The new book by Antonin Scalia and Bryan A. Garner is very sure of itself—in fact, far too much so.
It is tempting at this point in the analysis to move from the lapses in Justice Scalia’s latest book to the lapses in his general jurisprudence on the Court. But this detour would not be fully fair to co-author Garner, nor would it be fair to Scalia himself, whose book deserves to be judged on its own merits regardless of what one thinks of his overall body of work as a jurist, either in general or in the specific domains of statutory and constitutional interpretation. (For what it is worth, in my classroom, I point to several prominent Scalia opinions as exemplary, and to others as execrable.) William Blackstone himself, it is worth noting, did not make much of a mark on the bench, but did write a toweringly influential treatise. By contrast, Scalia’s body of work as a justice may well prove far more influential than his academic writings. He is no Blackstone—and nowhere is this more evident than in the part of his new book that purports to channel Blackstone.

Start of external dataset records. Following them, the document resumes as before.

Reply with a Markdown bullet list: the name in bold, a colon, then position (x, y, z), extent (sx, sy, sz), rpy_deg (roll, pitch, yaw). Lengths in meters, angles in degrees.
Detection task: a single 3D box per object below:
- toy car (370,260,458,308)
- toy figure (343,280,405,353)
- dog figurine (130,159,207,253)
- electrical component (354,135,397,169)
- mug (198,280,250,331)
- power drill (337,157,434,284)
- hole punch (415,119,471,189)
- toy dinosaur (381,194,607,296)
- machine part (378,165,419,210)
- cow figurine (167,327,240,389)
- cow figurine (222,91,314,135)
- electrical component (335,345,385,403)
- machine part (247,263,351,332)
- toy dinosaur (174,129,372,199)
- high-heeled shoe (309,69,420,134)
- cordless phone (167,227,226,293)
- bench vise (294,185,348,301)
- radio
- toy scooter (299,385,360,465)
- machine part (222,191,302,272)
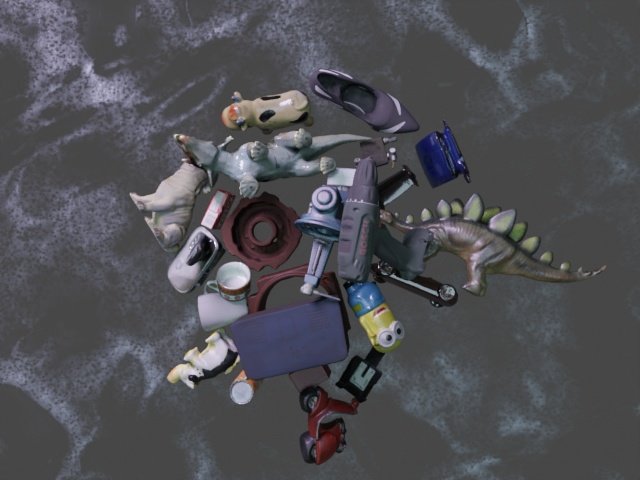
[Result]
- **toy car**: position (0.200, 0.089, 1.155), extent (0.202, 0.089, 0.053), rpy_deg (23, 78, 7)
- **toy figure**: position (0.117, 0.158, 1.170), extent (0.082, 0.089, 0.180), rpy_deg (-34, 79, 1)
- **dog figurine**: position (-0.303, -0.081, 1.212), extent (0.190, 0.121, 0.172), rpy_deg (-30, 131, -16)
- **electrical component**: position (0.124, -0.186, 1.181), extent (0.102, 0.045, 0.078), rpy_deg (-8, 91, 6)
- **mug**: position (-0.215, 0.143, 1.211), extent (0.107, 0.080, 0.109), rpy_deg (-8, 76, -4)
- **power drill**: position (0.127, -0.019, 1.029), extent (0.086, 0.207, 0.232), rpy_deg (6, 78, 46)
- **hole punch**: position (0.258, -0.173, 1.137), extent (0.092, 0.116, 0.142), rpy_deg (-20, 88, 14)
- **toy dinosaur**: position (0.345, 0.018, 1.130), extent (0.472, 0.105, 0.198), rpy_deg (24, 93, 6)
- **machine part**: position (0.145, -0.111, 1.174), extent (0.139, 0.039, 0.084), rpy_deg (-29, 114, 0)
- **cow figurine**: position (-0.261, 0.284, 1.220), extent (0.167, 0.068, 0.098), rpy_deg (-41, 93, 6)
- **cow figurine**: position (-0.116, -0.275, 1.165), extent (0.195, 0.127, 0.085), rpy_deg (-9, 87, 4)
- **electrical component**: position (0.096, 0.288, 1.185), extent (0.075, 0.047, 0.119), rpy_deg (33, 64, 2)
- **machine part**: position (-0.046, 0.160, 1.184), extent (0.201, 0.087, 0.201), rpy_deg (-16, 88, 6)
- **toy dinosaur**: position (-0.103, -0.176, 1.152), extent (0.405, 0.192, 0.131), rpy_deg (-11, 109, -28)
- **high-heeled shoe**: position (0.097, -0.294, 1.132), extent (0.249, 0.145, 0.086), rpy_deg (21, 94, 7)
- **cordless phone**: position (-0.275, 0.054, 1.154), extent (0.089, 0.184, 0.146), rpy_deg (36, 94, -9)
- **bench vise**: position (0.008, -0.001, 1.095), extent (0.129, 0.223, 0.240), rpy_deg (15, 78, 2)
- **radio**: position (-0.056, 0.200, 1.108), extent (0.230, 0.073, 0.131), rpy_deg (-15, 90, 7)
- **toy scooter**: position (0.024, 0.403, 1.185), extent (0.135, 0.075, 0.183), rpy_deg (-4, 102, -18)
- **machine part**: position (-0.126, -0.019, 1.205), extent (0.179, 0.056, 0.179), rpy_deg (0, 91, 5)
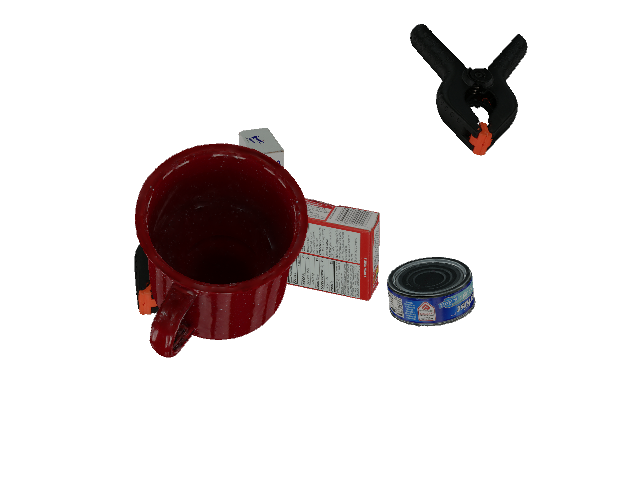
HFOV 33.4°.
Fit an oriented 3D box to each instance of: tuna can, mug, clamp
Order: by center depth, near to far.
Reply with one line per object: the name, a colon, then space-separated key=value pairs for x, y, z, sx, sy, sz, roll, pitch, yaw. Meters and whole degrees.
mug: x=-0.062 y=0.015 z=0.601 sx=0.093 sy=0.117 sz=0.081 roll=23 pitch=-29 yaw=5
clamp: x=0.142 y=-0.156 z=1.052 sx=0.120 sy=0.171 sz=0.039 roll=7 pitch=-44 yaw=5
tuna can: x=0.109 y=0.049 z=1.057 sx=0.086 sy=0.034 sz=0.086 roll=-7 pitch=25 yaw=3
clamp: x=-0.129 y=0.001 z=1.064 sx=0.165 sy=0.036 sz=0.209 roll=23 pitch=40 yaw=22

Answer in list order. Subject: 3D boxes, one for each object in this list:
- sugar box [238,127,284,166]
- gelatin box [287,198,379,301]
sugar box: x=-0.073 y=-0.042 z=1.328 sx=0.048 sy=0.176 sz=0.093 roll=-9 pitch=25 yaw=-13
gelatin box: x=0.003 y=0.005 z=0.865 sx=0.089 sy=0.073 sz=0.030 roll=12 pitch=40 yaw=16

By misstating the venerable Blackstonian doctrine of absurdity, Scalia and Garner champion results that are, quite literally and precisely, absurd. Scalia and Garner’s mangling of some of Blackstone’s most notable passages raises questions about the general reliability of Reading Law as a work of sound scholarship. The book is undeniably ambitious. But is it perhaps too ambitious—too sure of itself, too quick to overlook important counterarguments and complicating evidence? Given the authors’ fondness for hoary Latin maxims, the two words that seem most appropriate, in light of the foregoing analysis, are caveat emptor.